En la costa de Sonora existe un destino donde el Desierto Sonorense termina de manera espectacular frente a las aguas del Mar de Cortés. Se trata de San Carlos Nuevo Guaymas, un Pueblo Mágico que ha conquistado a viajeros nacionales e internacionales gracias a su extraordinaria combinación de montañas volcánicas, playas de aguas tranquilas y una riqueza natural que el explorador Jacques Cousteau describió como «el acuario del mundo».
Reconocido como Pueblo Mágico desde el 26 de junio de 2023, San Carlos se ha consolidado como uno de los principales atractivos turísticos del noroeste del país. Ubicado a solo 20 kilómetros de Guaymas y a 120 kilómetros de Hermosillo, este destino ofrece una experiencia alejada del turismo masivo, donde la pesca, la naturaleza y la vida local continúan marcando el ritmo cotidiano.
El gran ícono del lugar es el Cerro Tetakawi, una formación volcánica de dos cimas que domina el paisaje de la bahía y se ha convertido en uno de los escenarios favoritos para el senderismo y la fotografía. Muy cerca, el Mirador Oceánico permite contemplar una panorámica privilegiada donde playas, islas, cañones y montañas se unen en una de las postales más impresionantes del Mar de Cortés.

Las playas de San Carlos destacan por sus aguas cristalinas y oleaje suave. Playa Los Algodones es ideal para disfrutar en familia o practicar snorkel, kayak y windsurf; Playa San Francisco ofrece una de las mejores vistas del Tetakawi, mientras que Playa Piedras Pintas sorprende con sus formaciones rocosas y paisajes perfectos para la fotografía.
Para los amantes de la aventura, la Isla San Pedro Nolasco representa uno de los mejores sitios de buceo del noroeste de México. Sus aguas albergan colonias de lobos marinos y una extraordinaria diversidad de especies marinas dentro del Golfo de California, declarado Patrimonio Mundial por la UNESCO.

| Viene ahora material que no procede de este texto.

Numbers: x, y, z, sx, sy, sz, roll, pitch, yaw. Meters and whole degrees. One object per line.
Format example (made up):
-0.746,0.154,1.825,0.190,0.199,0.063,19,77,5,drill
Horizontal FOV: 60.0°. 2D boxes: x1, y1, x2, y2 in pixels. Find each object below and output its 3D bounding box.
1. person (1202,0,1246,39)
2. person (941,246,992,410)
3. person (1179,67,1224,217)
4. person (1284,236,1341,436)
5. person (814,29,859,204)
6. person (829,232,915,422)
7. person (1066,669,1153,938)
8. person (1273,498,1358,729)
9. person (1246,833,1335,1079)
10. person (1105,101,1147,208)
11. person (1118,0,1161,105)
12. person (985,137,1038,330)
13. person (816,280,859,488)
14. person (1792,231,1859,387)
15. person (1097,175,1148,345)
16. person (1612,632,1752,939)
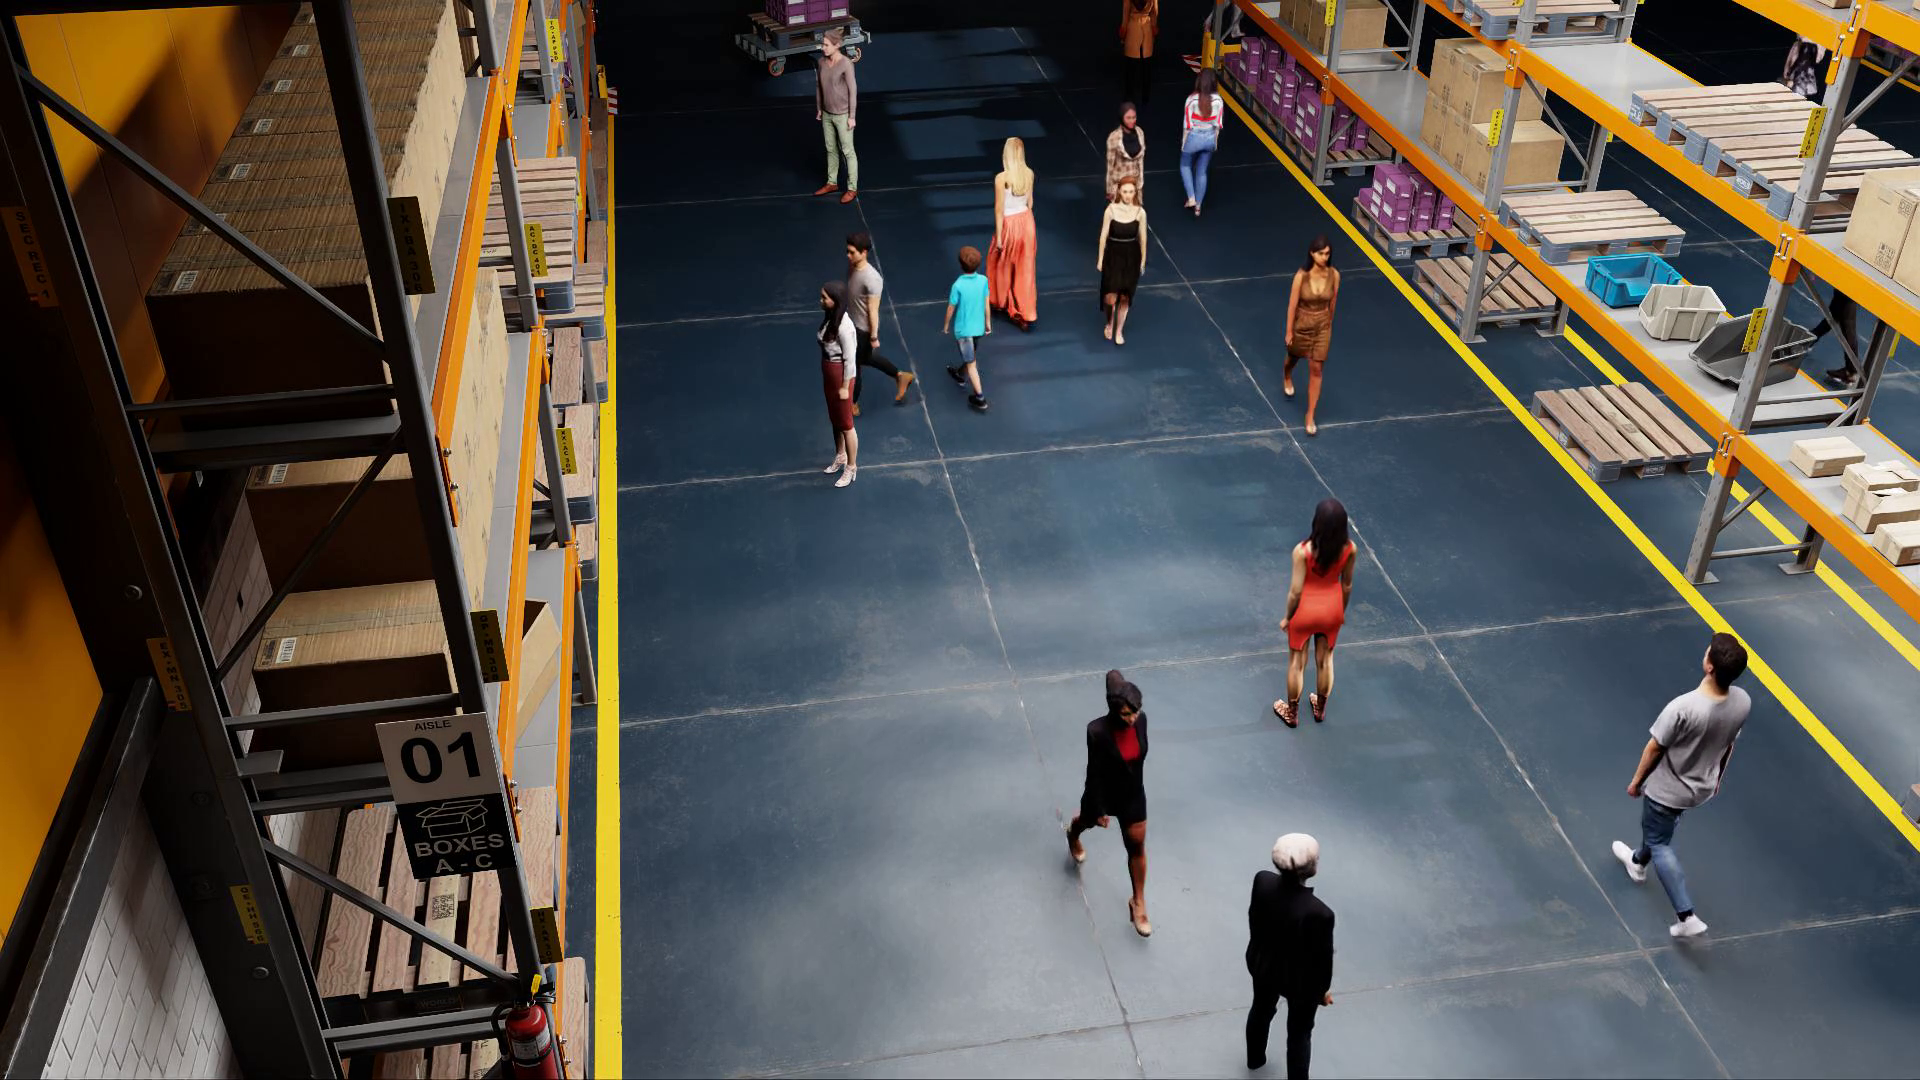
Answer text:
3.705,-7.762,22.946,0.912,1.751,1.002,-20,39,-28,person
0.114,-1.799,14.281,0.775,1.411,1.007,-20,38,-27,person
2.580,-4.219,17.754,0.611,1.597,0.583,-4,34,-6,person
2.922,-1.796,14.060,0.657,1.651,1.114,-2,34,-3,person
-1.334,-4.641,18.143,0.758,1.869,0.825,22,40,30,person
-0.746,-1.821,14.065,0.820,1.686,1.048,-13,36,-19,person
0.800,1.403,9.301,0.697,1.591,1.103,-14,36,-20,person
2.268,0.468,10.594,0.586,1.718,0.517,-6,34,-10,person
1.677,2.141,8.297,0.798,1.779,0.797,-27,42,-34,person
1.587,-3.507,16.515,0.684,1.784,0.756,-15,36,-21,person
2.237,-6.316,20.792,0.700,1.726,0.611,-2,34,-3,person
0.561,-2.813,15.489,0.888,1.763,1.110,-19,38,-26,person
-0.961,-1.242,13.136,0.704,1.751,0.531,-14,36,-20,person
7.887,-2.228,14.577,0.816,1.799,1.266,-11,35,-16,person
1.483,-2.602,15.303,0.634,1.618,0.649,0,34,0,person
4.006,1.367,9.112,0.764,1.862,1.153,-10,35,-15,person

La naturaleza también se disfruta tierra adentro. El Estero El Soldado resguarda manglares y una gran variedad de aves residentes y migratorias, mientras que el Cañón de Nacapule ofrece un inesperado oasis entre el desierto, con pozas de agua, vegetación tropical y senderos ideales para recorrer en contacto con la naturaleza.
San Carlos también es un referente para la pesca deportiva y el avistamiento de fauna marina. Durante distintas temporadas del año es posible observar delfines, lobos marinos, rayas y ballenas grises, además de practicar la pesca de especies como dorado, marlín y atún.
Con más de 250 opciones de hospedaje, una variada oferta gastronómica y paisajes que combinan el desierto con el mar como en pocos lugares del mundo, San Carlos Nuevo Guaymas invita a descubrir uno de los tesoros naturales más espectaculares de México, donde cada amanecer y cada atardecer regalan postales inolvidables.